Aquella agresión en el patio no era un simple juego de poder carcelario. En las duchas, bajo el murmullo constante del agua, Pilar le confesó a Susana la verdad oculta tras las amenazas. Antes de ser encarcelada por un delito menor, Pilar había trabajado como contable para un influyente entramado político y empresarial. Poseía pruebas documentales que implicaban a altos cargos en un desfalco millonario, y Rebeca había sido contratada desde el exterior para obligarla a firmar una confesión falsa que la inculpara de todo, garantizando la impunidad de los verdaderos culpables.

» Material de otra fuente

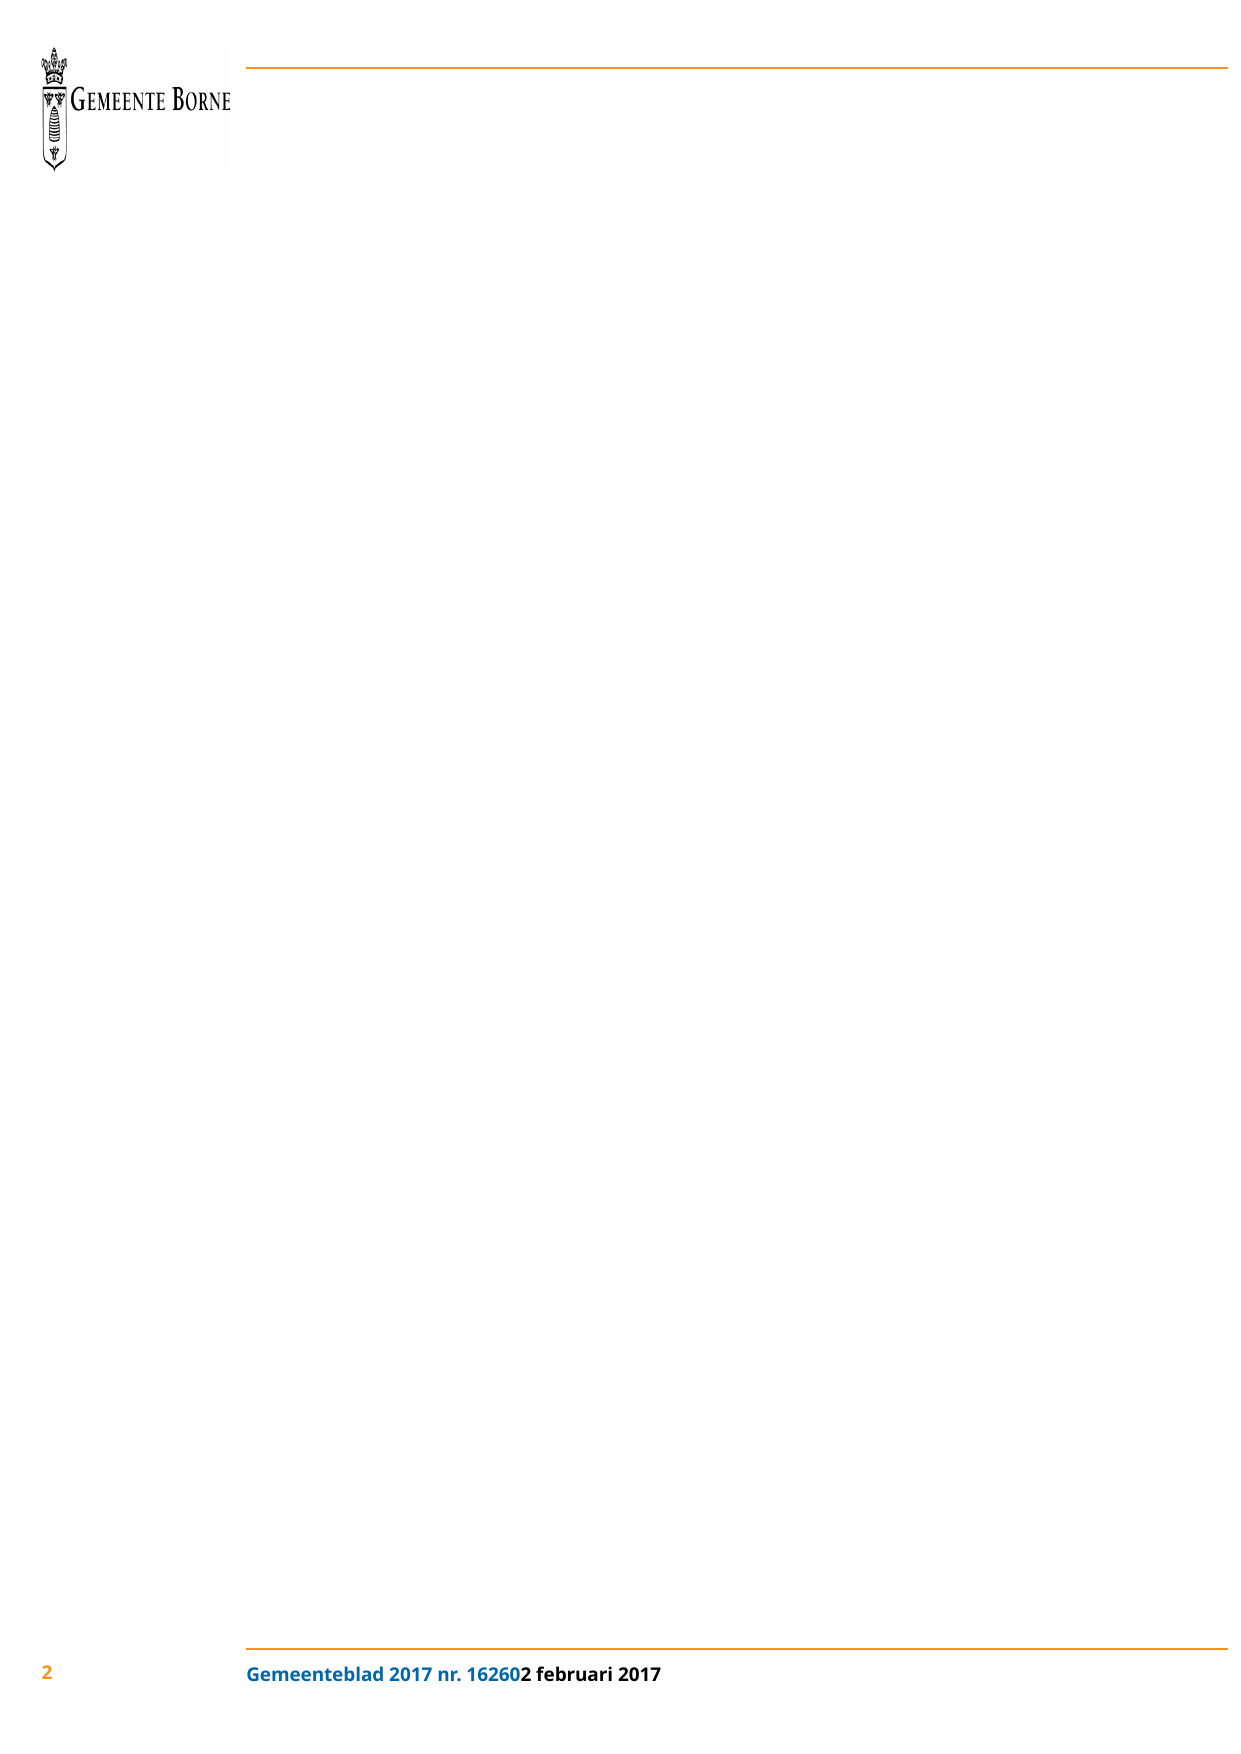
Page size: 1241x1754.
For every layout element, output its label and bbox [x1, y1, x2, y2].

La trampa en el taller abandonado

«Tienen a mi nieto, Susana», sollozó la anciana, con el rostro surcado por las lágrimas y la desesperación. «Si no firmo, prometieron que sufrirá un accidente». Susana sintió una punzada de indignación en el pecho. Sabía lo que era perderlo todo y no estaba dispuesta a permitir que destruyeran lo único que le quedaba a Pilar. Sin embargo, la maquinaria de la corrupción carcelaria se movía rápido. A la mañana siguiente, aprovechando el cambio de turno de los guardias afines, Susana fue conducida mediante engaños hacia la zona de los talleres abandonados.

El pacto de acero tras las rejas que salvó a una anciana indefensa

Al abrir la pesada puerta de hierro, el panorama que encontró fue desalentador. Pilar estaba atada a una silla de madera en el centro de la habitación, custodiada por Rebeca, quien sostenía con firmeza los documentos de la discordia. A su lado, Concha acariciaba una barra de metal con una sonrisa de pura malicia. «Te advertí que no te interpusieras», siseó Rebeca. Concha dio un paso al frente, levantando el arma improvisada dispuesta a quebrar la resistencia de Susana de una vez por todas. El peligro era real y el espacio para maniobrar, inexistente.

El peligro era real y el espacio para maniobrar, inexistente.